In the past century, some clever folks started studying what’s called “recursion theory” and found some fascinating properties of fold. I’ll list some of them and provide reference for the more inquisitive reader. All examples and definitions below are from Hutton, 1999.

Universal property

Any recursive function can be expressed in terms of fold.

If:

g _ [] = v 
g (x:xs) = f x (g xs)

Then:

g = fold f v

Wait, what does this mean? The first equation simply says: there’s a seed value v. The second equation describes how the function works otherwise: g recurses over a list, f is applied to each element and the accumulator. When these two equations stand, we have a fold. Let’s take a familiar function as an example:

sum [] = 0 
sum (x:xs) = x + sum xs

It’s easy to see how v = 0 and f = (+), then:

sum = fold (+) 0

Fusion property

The composition of an arbitrary function and a fold can be fused together to give a single fold.

As you can imagine, the universal property is at play here! You can read the proof in the Hutton paper, the result is:

If:

h w = v 
h (g x y) = f x (h y)

Then:

h . fold g w = fold f v

Which, in more layman terms can be exemplified to:

(+1) . fold (+) 0 = fold (+) 1

Follow the previous line of thought with this example in mind to convince yourself it is true. Personally, I find the fusion property the most useful thing to remember for beginner origami students. So many times we waste resources writing stuff like:

[1,2,3] 
|> Enum.map(&(&1 + 1)) 
|> Enum.map(&(&1 * 2))

When the following would give an equal result without enumerating twice:

[1,2,3] 
|> Enum.map(&((&1 + 1)*2))

(Alternatively, Stream acts like a fusion since we’re passing each element through instead of iterating n times). As a specific case of fusion using map and fold, it should be easy to see that:

fold f w $ map g xs = fold (f . g) w xs

Lastly, fun fact: did you know that Elixir’s famous |> operator is implemented in terms of fold?

Unfold your potential

There’s a little known fact among beginner functional programmers: what one can fold, one can unfold! If that just sounds like a stupid play on words, see the following example from the Elixir docs:

Enum.scan(1..5, &(&1 + &2)) 
[1, 3, 6, 10, 15]

I wonder what will happen if I do

scanl (+) 0 [1,0,1,1,2,3]

In this last section we’ll quickly go over:

the scan pattern of recursion
the difference between scanl and scanr
a little application of the universal property

If we take the previous Elixir function, we can imagine it does something like this:

(1 + 0)
: (1 + 0 + 2)
: (1 + 0 + 2 + 3)
: (1 + 0 + 2 + 3 + 4)
: (1+  0 + 2 + 3 + 4 + 5)
: []

The pattern of recursion then is similar to that of fold, except we want to keep intermediate results. If we take our more analytical description of the characteristic of fold, we see that they all apply to unfold. In fact both fold and unfold have an inner binary function taking an element and the accumulator, and both have a seed value. What’s different then is how scan operates after applying the inner function. Recall that we wrote fold as:

def reduce(f, [], acc), do: acc 
def reduce(f, [head|tail], acc), do: reduce(f, tail, f(head, acc))

scan could then be:

def scan(f, [], acc), do: reverse(acc) 
def scan(f, [head|tail], acc = [ha|_]), do scan(f, tail, [f(head, ha) | acc])

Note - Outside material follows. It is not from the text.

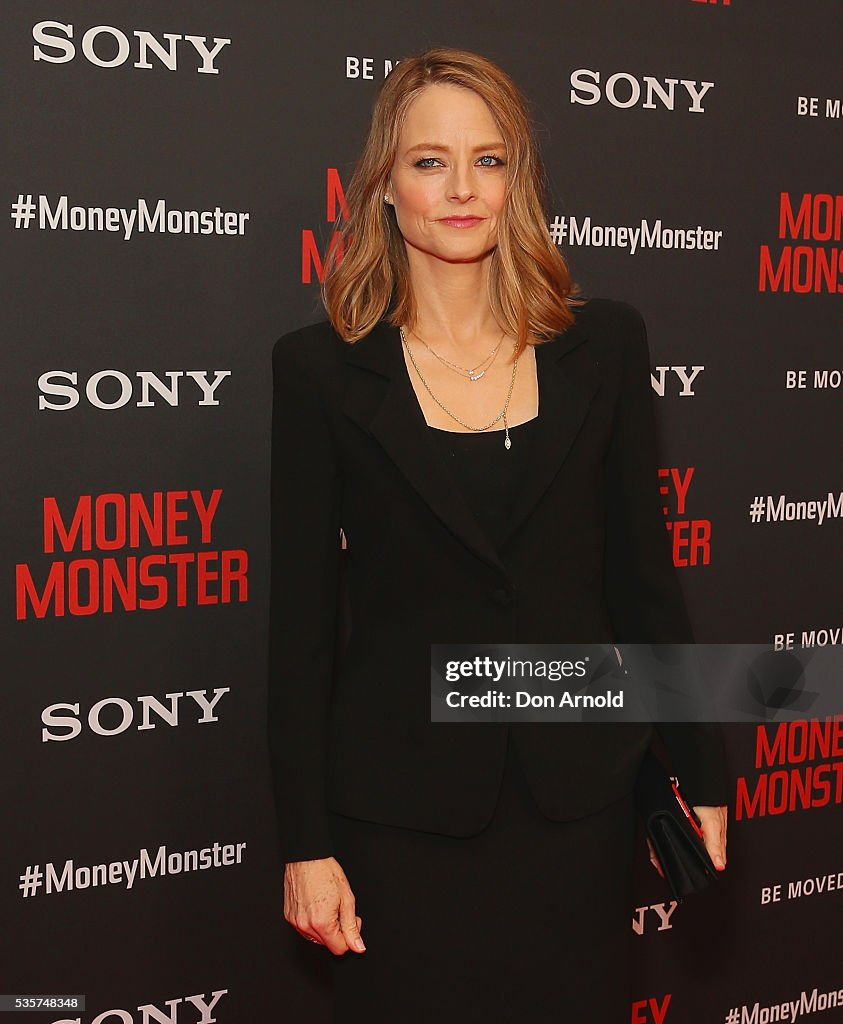What might the background elements tell us about the context and purpose of the event? The background elements, prominently displaying the title 'Money Monster' and logos from companies like Sony, suggest that the event is likely a promotional or premiere event for the movie 'Money Monster.' These kinds of backdrops are commonly used in media-related events to generate publicity and provide a branded setting for photographs and interviews. Can you provide more insights into what kind of guests might be attending such an event? Events like movie premieres typically attract a variety of guests, including actors, directors, producers, and other crew members involved in the film. Additionally, such events might host celebrities from the entertainment industry, media personnel, journalists, and invited VIPs. Movie premieres are glamorous affairs designed to garner media attention, so guests usually dress in formal or stylish attire, similar to the classic and refined outfit worn by the individual in the image. Imagine if this event was set in a fantastical world where movies were projected by magical beings. How might the scene look different? In a fantastical world where movies are projected by magical beings, the scene could be dramatically different. The backdrop might feature shimmering, animated images of magical creatures instead of static logos. The carpet could be made of luminescent, ever-changing colors as if crafted from enchanted materials. Guests might arrive on floating carriages or mythical beasts, dressed in robes woven from moonlight and stardust. Instead of cameras with flashes, there might be ethereal orbs floating around, capturing images with a gentle glow. The entire atmosphere would exude an otherworldly charm, turning the event into a spectacle of magic and wonder.

Coming to the question of left and right, we’re in a bit of a dilemma. We have an intuition that the two directions indicate associativity once again, but of what operation? Is it of the inner function or the list accumulation (read : or | as cons)? Well, if you think about it, it wouldn’t make much sense to put parenthesis differently around cons. Previously we showed the example of “const” where left and right associativity had very different outcomes, but since in any scan we’ll have the same cons behavior, what’s left is the inner function.

If you managed to read the previous section on the properties of fold, you know that any recursive function can be written in terms of fold. Scan is a recursive function, so how can we rewrite it?

Our previous Elixir implementation of scan doesn’t give much of a hint, that’s because we didn’t emphasize the cons operator. Remember that by the fusion property

h . fold g w = fold f v

We can imagine h being cons and g being our inner function. It doesn’t really work, but it’s an intuition. All we need to do then is to extract the cons from our previous pattern of recursion. The Haskell Prelude implementation of scanr is pretty easy to read:

scanr                   :: (a -> b -> b) -> b -> [a] -> [b]
scanr _ q0 []           =  [q0]
scanr f q0 (x:xs)       =  f x q : qs
                           where qs@(q:_) = scanr f q0 xs

We apply scanr recursively. Scanr by itself applies the inner function (f x q) and cons to the rest (:qs = scanr on the tail!). So where is the fold? That’s exactly the f x q part in disguise, equivalent to our f(head, a) in the Elixir implementation. Can you see why? q is in fact the result of scanr on the tail, which is itself an application of f x q. That means that q is an accumulator of sorts on which we apply f x.

At this point you might be thinking: OK, I have a better understanding of fold, I can appreciate its power, but unfold? Really? Have you ever actually used it? That’s the problem with self-contained examples, sometimes it’s hard to see beyond them. So here’s a couple of code snippets from production©.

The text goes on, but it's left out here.